リーラ率いる第五装甲猟兵侍女中隊VS夕菜率いるMMMの爪弾き者による戦闘団の戦いが描かれるメイドストーリー本編の「メイドの死闘」と、番外編の「メイド交換ゲーム」「メイドプラス1」の三編からなるお話です。

メイドの死闘」は、すごいですね。夕菜が悪役にしか見えません。目的のためなら手段を選ばないところは、百年の恋も覚めそうなほどです。リーラ、やっちまいな!とか思ったのは、僕だけじゃないんじゃないかしら。和樹の願いもあって、全力を投じれないリーラたちが不憫でなりません。

まあ、個人的には、MMMは番外編のほうが素敵なのです。
メイド交換ゲーム」は、リーラたちと夕菜たちが、家事で勝負するというお話で、展開は定番ですね。意外性とかはないですが、楽しいことこの上ない。夕菜の思惑をさらりとかわすところに、さすがリーラだと思っていたら、ラストでドンデン返し(というのも変だけど)があって、思わずニヤリ。

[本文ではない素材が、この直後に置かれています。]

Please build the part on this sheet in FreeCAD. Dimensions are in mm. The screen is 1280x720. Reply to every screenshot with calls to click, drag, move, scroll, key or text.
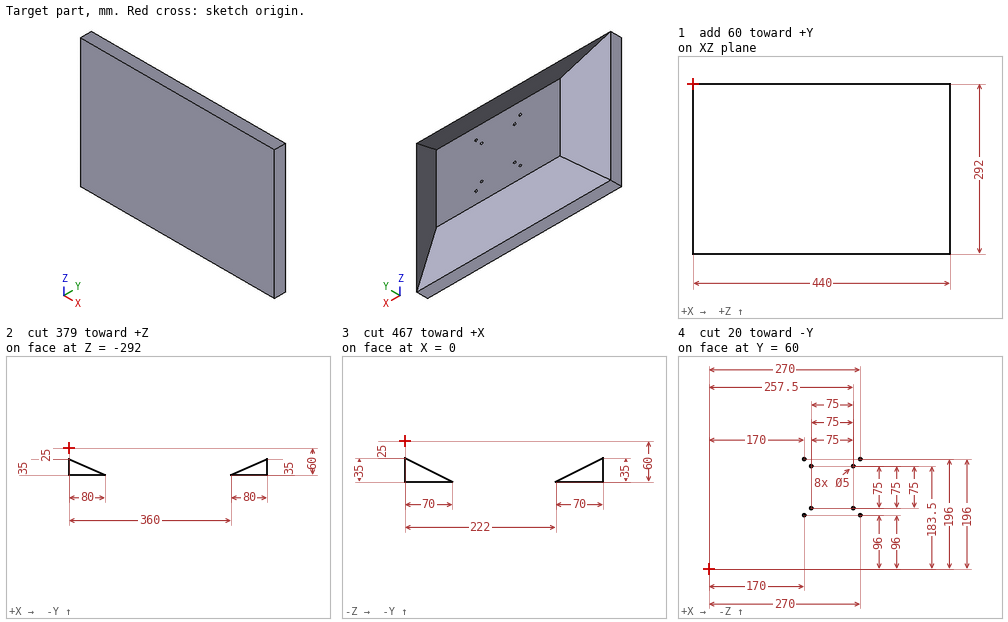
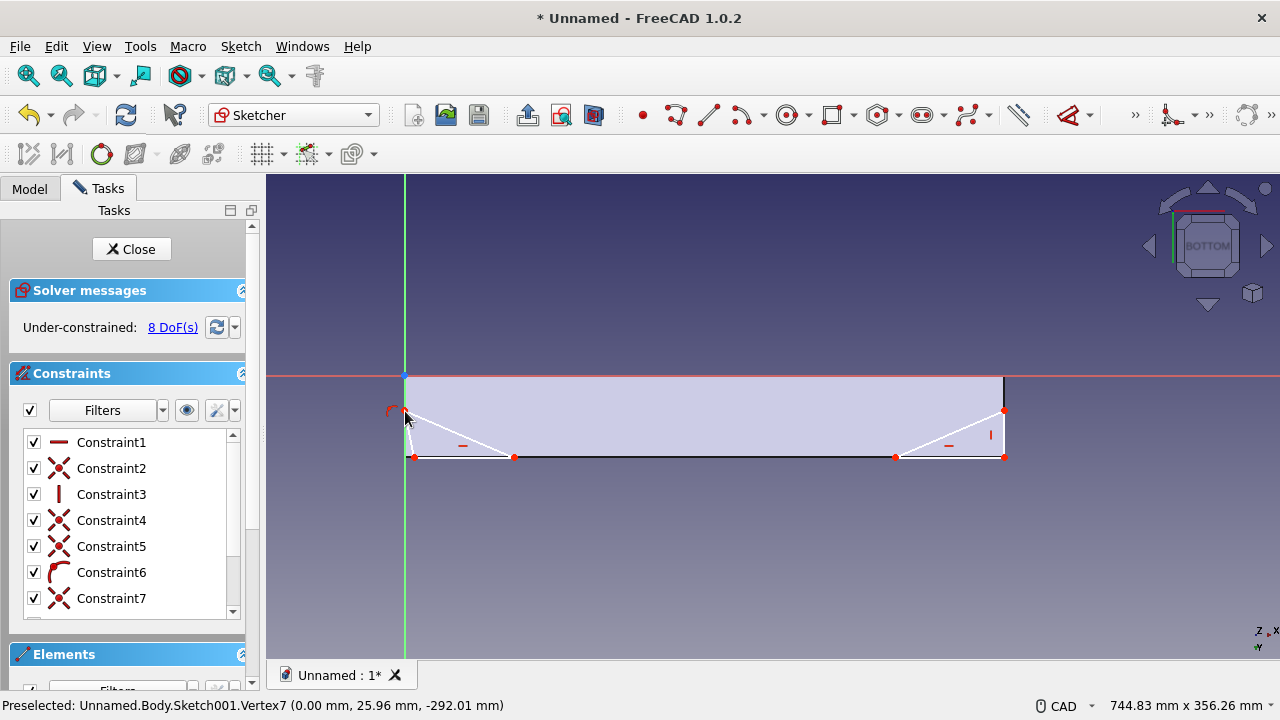
click(408, 425)

一番良かったのは、和樹が中学生だった頃、リーラとセレンが研修で日本の秋葉原に行ったという「メイドプラス1」ですね。メイドがメイド喫茶を調査するなんてと思いましたが、真面目に検討するリーラとセレンのやり取りが楽しいですし、十八禁な雑誌やらグッズやらに顔を赤くするリーラが、何とも可愛い。

そんなリーラの素晴らしさが伝わってくるのは、その場に来ていた和樹のクラスメイト宮沢知沙とのやり取りですね。どうすべきかと迷っていたとき知沙の心を、優しく解きほぐしていくところは、ホント素敵。

「メイドにできないことはないのです」

こんな言葉を言い切れるほどの心の強さと、どんなときでも人を気遣える優しさに、惚れ惚れしました。こんな人に出会えたら、人生の目標にしたくもなりますよね。知沙にとって、この出会いが、とても大きなものであったことが伝わってくる最後の手紙のシーンに、じんわりと温かい気持ちにさせられました。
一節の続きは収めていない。